As deputy from Isparta, Demirel became Turkey’s 14th Prime Minister and ruled the country for four years. In the next elections on 10 October 1969, his party was the sole winner by a landslide once again. He resigned after the military memorandum of 12 March 1971. He was not able to win the elections that were held in 1973 and 1977; however, between 1971 and 1980, he served as Prime Minister for three more times, albeit with coalition partners, during 1975–1977, 1977–1978, and 1979–1980, respectively.
Following the coup d'état of 12 September 1980, headed by Kenan Evren, he was banned from involvement in active politics for ten years. In 1986, however, Demirel launched a national campaign for the lifting of the bans and initiated a national referendum on the issue.
The 6 September 1987 referendum allowed him to return to active politics. Only 18 days later, Demirel was elected Chairman at the extraordinary convention of the True Path Party (DYP) that replaced the Adalet Partisi. He was re-elected Deputy of Isparta at the elections of 29 November 1987.
Following the elections of 20 October 1991, Demirel became Prime Minister once again in a coalition government with the Social Democratic Populist Party. (49th government of Turkey)
After the sudden death of President Turgut Özal, he became the ninth President on 16 May 1993, elected by the Grand National Assembly of Turkey.
On 10 March 1995, he became aware of a coup attempt against President Heydar Aliyev of Azerbaijan (prepared by his predecessor Ebulfeyz Elçibey) with the assistance of the Turkish intelligence and security agencies, and warned Aliyev.
He served as President until 16 May 2000 for the constitutional term of seven years.
During his service for the development and industrialization of the country as a director general at the age of 30, and a political party chairman and the youngest Turkish prime minister at the age of 40, his overall tenure was shorter than only Ismet Inönü's and Recep Tayyip Erdogan's.
Following retirement from politics, Demirel has frequently been a panelist and speaker at several universities in Turkey.

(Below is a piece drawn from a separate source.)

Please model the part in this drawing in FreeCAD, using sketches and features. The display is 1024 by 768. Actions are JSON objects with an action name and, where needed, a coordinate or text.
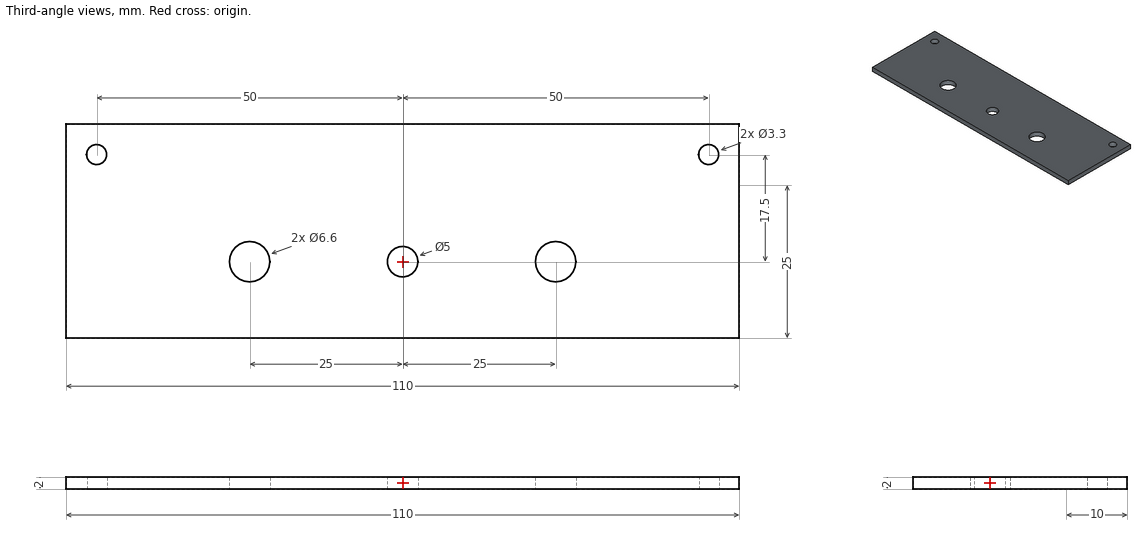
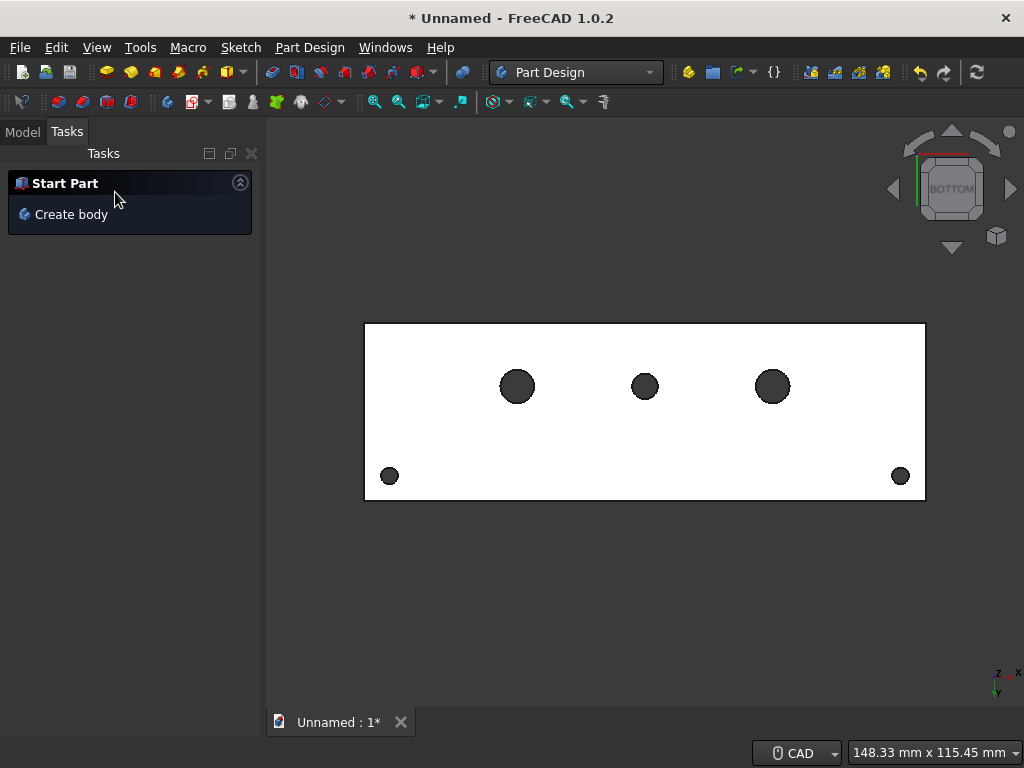
{"action": "key", "text": "0"}

Süleyman Demirel was married to Nazmiye Demirel on 12 March 1948. They had no children. She died on 27 May 2013. Süleyman Demirel himself died on 17 June 2015.
The Süleyman Demirel Airport and Süleyman Demirel University, both of which are in Isparta are named after him. So are the Süleyman Demirel Stadium in Antalya and the Süleyman Demirel Medical Centre of the Atatürk University in Erzurum. There are also two important main streets named after him: one in Istanbul and the other in Muğla. On 26 October 2014 Süleyman Demirel Democracy and Development Museum was opened in Isparta.
Demirel was awarded with Istiglal Order for his contributions to development of Azerbaijan–Turkey relations and constructive position on Nagorno-Karabakh conflict, creation of unity among Turkic states by President of Azerbaijan Heydar Aliyev on 12 June 1999. He is also a Collar of the Estonian Order of the Cross of Terra Mariana, a recipient of the Polish Order of the White Eagle (1993) and a Knight Grand Cross of the Croatian Grand Order of King Tomislav.
In popular culture
Demirel was often nicknamed Baba (The Father) or Çoban Sülü (The Shepherd Sülü (Süleyman)) and humorously Spartacus, after his native city of Isparta. His fedora hat was a famous part of his image.
Although Demirel had retired, whenever there was political distress, Turkish media or his followers (humorously or otherwise) called on him with the words "Kurtar bizi baba" ("Father, save us"). He is well known for uttering phrases such as "Dün dündür, bugün bugündür" ("Yesterday is yesterday, today is today"), usually said when he has changed his stand on a subject. Another example is "Benzin vardı da biz mi içtik?" ("Did we drink the gasoline, as if there were any?"), said when defending his actions during the 1970s energy crisis.